22. Monitor Microbiome Diversity with Age
Recognize that your gut microbiome’s diversity naturally decreases as you age, which can lead to a loss of key functions. This understanding can inform proactive health strategies.
6 Key Quotes
So much of the work that I've seen around the microbiome has been interesting, but it's been very difficult for me to understand how one could operationalize and make real causal effect from the science that is being presented.
Peter Attia
The microbiome is essentially all of the microbes. So the bacteria, the viruses, fungi, yeast that reside in and on us.
Colleen Cutcliffe
A good bacteria can become a bad bacteria in a certain situation. And likewise, bad bacteria can become beneficial in a different context.
Colleen Cutcliffe
The microbiome is incredibly mutable, and we're doing it all the time. And so when you think about the ability to change it and to have real health implications, that's where it's at. That's why it's an exciting field.
Colleen Cutcliffe
When you take an antibiotic, that's essentially almost like a nuclear bomb to your microbiome. It kills everything in there.
Colleen Cutcliffe
I mean, everybody is a marketing genius that's selling a probiotic. There are people who make you feel like what they're selling is super innovative. And you've never seen anything like this before. But when you really look at the ingredients, it's literally the same thing that everybody else has been selling.
Colleen Cutcliffe
2 Protocols
Mitigating Microbiome Damage from Antibiotics
Colleen Cutcliffe- Take probiotics during the antibiotic course to potentially seed the gut, even if some are killed.
- After the antibiotic course, focus on consuming a high-fiber, high-polyphenol diet to provide food for beneficial microbes and aid in reconstitution.
Manufacturing Strict Anaerobic Probiotics (e.g., Akkermansia)
Colleen Cutcliffe- Start with a heavily characterized freezer master stock of the bacterial strain to prevent genetic drift.
- Grow the strain in an entirely closed, anaerobic system, continuously pumping in specific mixes of gases (e.g., nitrogen) to keep all oxygen out.
- Operate in anaerobic chambers for small-scale cultures, using specialized glove systems.
- Transfer cultures through closed systems (e.g., bags) into larger vats for scale-up, maintaining anaerobic conditions.

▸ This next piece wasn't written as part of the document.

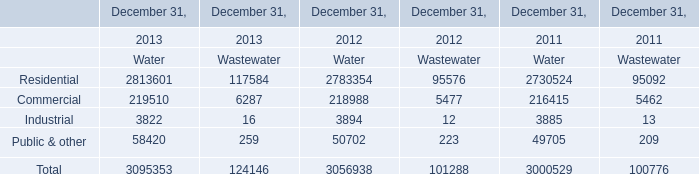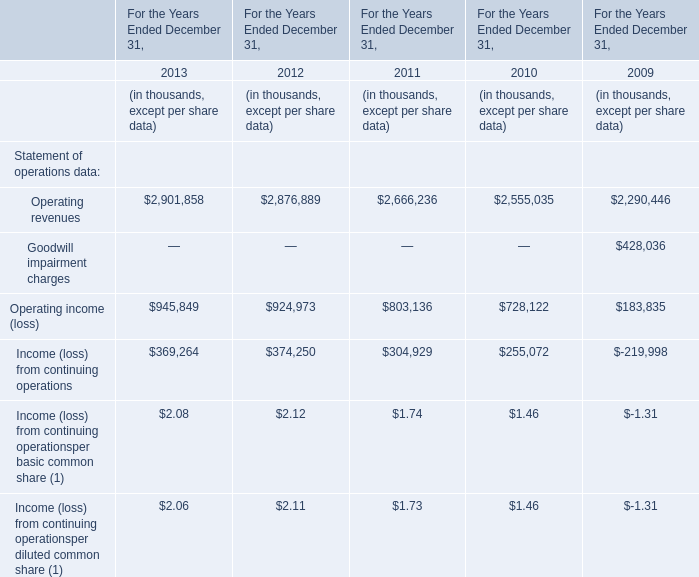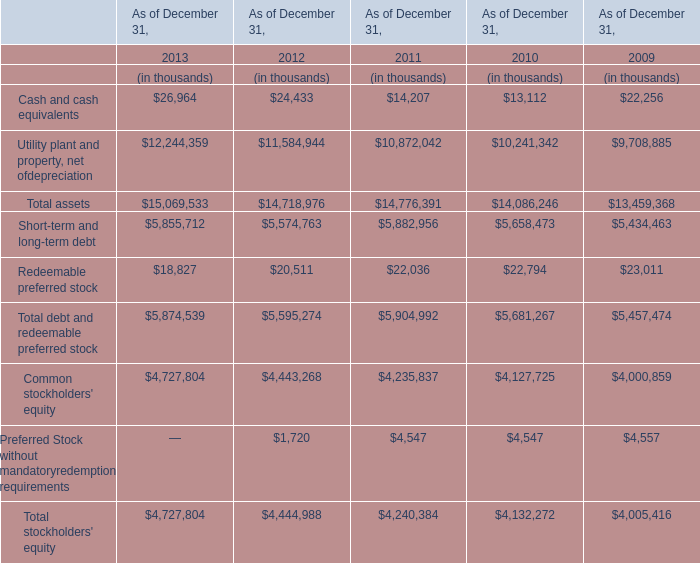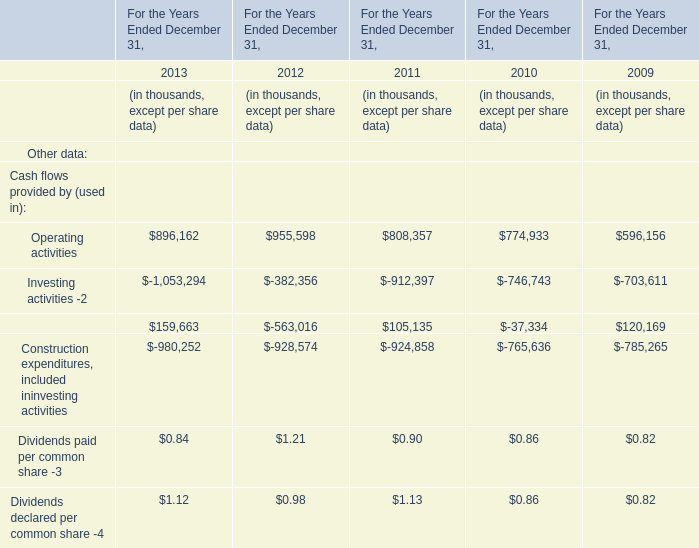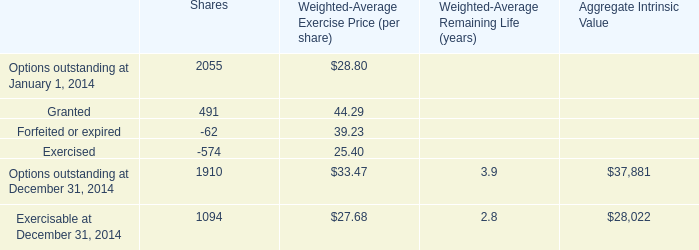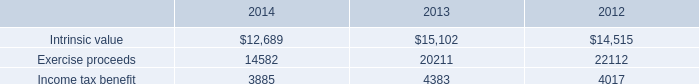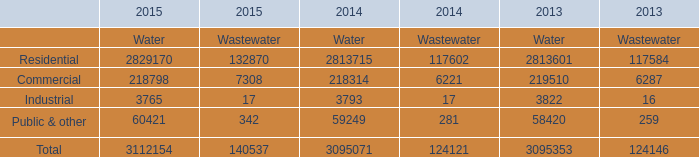In the year with lowest amount of Operating activities, what's the increasing rate of Dividends declared per common share -4? 
Computations: ((0.86 - 0.82) / 0.82)
Answer: 0.04878.

- Harvest the cells (e.g., via slow centrifugation for sensitive strains) and remove the media.
- Freeze-dry the cell paste using lyophilizers, incorporating cryoprotectants to maximize cell viability during the harsh process.
- Store the freeze-dried powder in moisture-free conditions (e.g., with desiccant packets) to keep the bacteria dormant and stable at room temperature or refrigerated, depending on the strain's stability.